:: LISTED RECORDS ::

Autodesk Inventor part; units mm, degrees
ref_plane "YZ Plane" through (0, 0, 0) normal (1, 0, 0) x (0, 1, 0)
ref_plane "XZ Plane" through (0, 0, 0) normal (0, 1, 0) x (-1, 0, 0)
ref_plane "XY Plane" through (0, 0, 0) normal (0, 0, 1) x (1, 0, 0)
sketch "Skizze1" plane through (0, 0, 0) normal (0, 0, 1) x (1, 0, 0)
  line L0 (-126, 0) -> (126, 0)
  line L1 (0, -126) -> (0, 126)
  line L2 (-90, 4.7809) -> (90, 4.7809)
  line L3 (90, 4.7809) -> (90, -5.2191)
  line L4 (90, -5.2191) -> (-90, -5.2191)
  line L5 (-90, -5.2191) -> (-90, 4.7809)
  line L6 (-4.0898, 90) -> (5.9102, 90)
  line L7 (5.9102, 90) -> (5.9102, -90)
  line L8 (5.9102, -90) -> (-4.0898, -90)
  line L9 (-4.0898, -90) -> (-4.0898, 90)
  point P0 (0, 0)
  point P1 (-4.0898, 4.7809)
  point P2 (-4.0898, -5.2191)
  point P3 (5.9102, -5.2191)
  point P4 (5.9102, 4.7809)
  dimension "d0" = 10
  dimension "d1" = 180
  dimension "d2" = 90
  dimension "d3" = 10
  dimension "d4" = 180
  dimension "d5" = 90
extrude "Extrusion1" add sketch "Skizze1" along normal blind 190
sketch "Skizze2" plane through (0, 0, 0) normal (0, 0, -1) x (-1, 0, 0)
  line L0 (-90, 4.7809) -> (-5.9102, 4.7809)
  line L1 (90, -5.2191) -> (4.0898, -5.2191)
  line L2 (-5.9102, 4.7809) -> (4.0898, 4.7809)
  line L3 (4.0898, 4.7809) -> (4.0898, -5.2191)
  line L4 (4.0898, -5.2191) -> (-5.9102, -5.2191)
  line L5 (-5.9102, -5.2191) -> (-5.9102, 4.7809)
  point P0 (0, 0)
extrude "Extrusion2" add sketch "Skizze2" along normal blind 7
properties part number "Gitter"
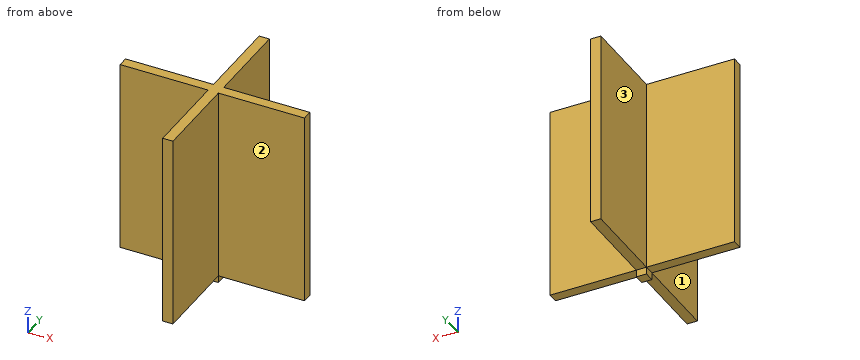
Check sheet for the modelled part. Datum: model origin and axes. Units: mm. Face numbers are marked on the shaded views. A direction names the side the tool comes from. Coordinates: 2 decimals unless noted, no trailing zeros. Write each loop counter-clockwise with the first axis right and the second up, starting at its lowest first coordinate (ties: lowest second). Pieces come first, ordered by that corner, then holes. Notation, with made-up numbers: (-30.75, -22.75) -> (-7.75, -22.75) arc R23 cw to (-7.75, -1.75) -> close; hole circle Ø8 at (54.25, 13.5). An arc over 180 degrees is marked (long way). Use a Markdown table: item, result.
1. Go/stop test with flat-tipped pins: pin 1 Ø10 at (x, z) = (-26, 20.5) entering from -Y; pin 2 Ø3.5 at (y, z) = (0.5, -2) entering from +X; pin 3 Ø3 at (x, y) = (1.5, 57) entering from -Z. Record where each tip stops, or that it passes through.
Reported:
| item | result |
|---|---|
| pin 1 | stops at y = -5.22 |
| pin 2 | stops at x = 5.91 |
| pin 3 | stops at z = 0 |
2. Sectioned sample at C-C (y = 53). Enter the section's corners in (x, z), plus the area to 3 significant figures.
Reported:
| item | result |
|---|---|
| outline | (-4.09, 0) -> (5.91, 0) -> (5.91, 190) -> (-4.09, 190) -> close |
| area | 1,900 mm2 |
3. Scan lines: line 1 along Y through (x, z) = (-68.5, 155.5); line 2 along X through (y, z) = (-51, 109). Record each from-to range of solid material in increasing order.
Reported:
| item | result |
|---|---|
| line 1 | y = -5.22 to 4.78 |
| line 2 | x = -4.09 to 5.91 |
4. Tool access check on the marked faces 1, 2 and 3. Record the directions out of +Z, -Z, +X, -X, +Y, -Y that give a thin tool (end or side, any length) a straight path to the whole face; none if there is none.
Reported:
| item | result |
|---|---|
| face 1 | +Z, -Z, -X, -Y |
| face 2 | +Z, -Z, +X, -Y |
| face 3 | +Z, -Z, -X, +Y |
5. Sectioned sample at A-A (z = 96). Enter the section's corners in (x, y), plus the area to 3 significant figures.
Reported:
| item | result |
|---|---|
| outline | (-90, -5.22) -> (-4.09, -5.22) -> (-4.09, -90) -> (5.91, -90) -> (5.91, -5.22) -> (90, -5.22) -> (90, 4.78) -> (5.91, 4.78) -> (5.91, 90) -> (-4.09, 90) -> (-4.09, 4.78) -> (-90, 4.78) -> close |
| area | 3,500 mm2 |
6. Sectioned sample at B-B (x = 11.5). Enter the section's corners in (y, z).
Reported:
| item | result |
|---|---|
| outline | (-5.22, 0) -> (4.78, 0) -> (4.78, 190) -> (-5.22, 190) -> close |

:::

TASK DETAILS:
Search the entries for the word "point". Copy each line where it appears.

ANSWER SECTION:
  point P0 (0, 0)
  point P1 (-4.0898, 4.7809)
  point P2 (-4.0898, -5.2191)
  point P3 (5.9102, -5.2191)
  point P4 (5.9102, 4.7809)
  point P0 (0, 0)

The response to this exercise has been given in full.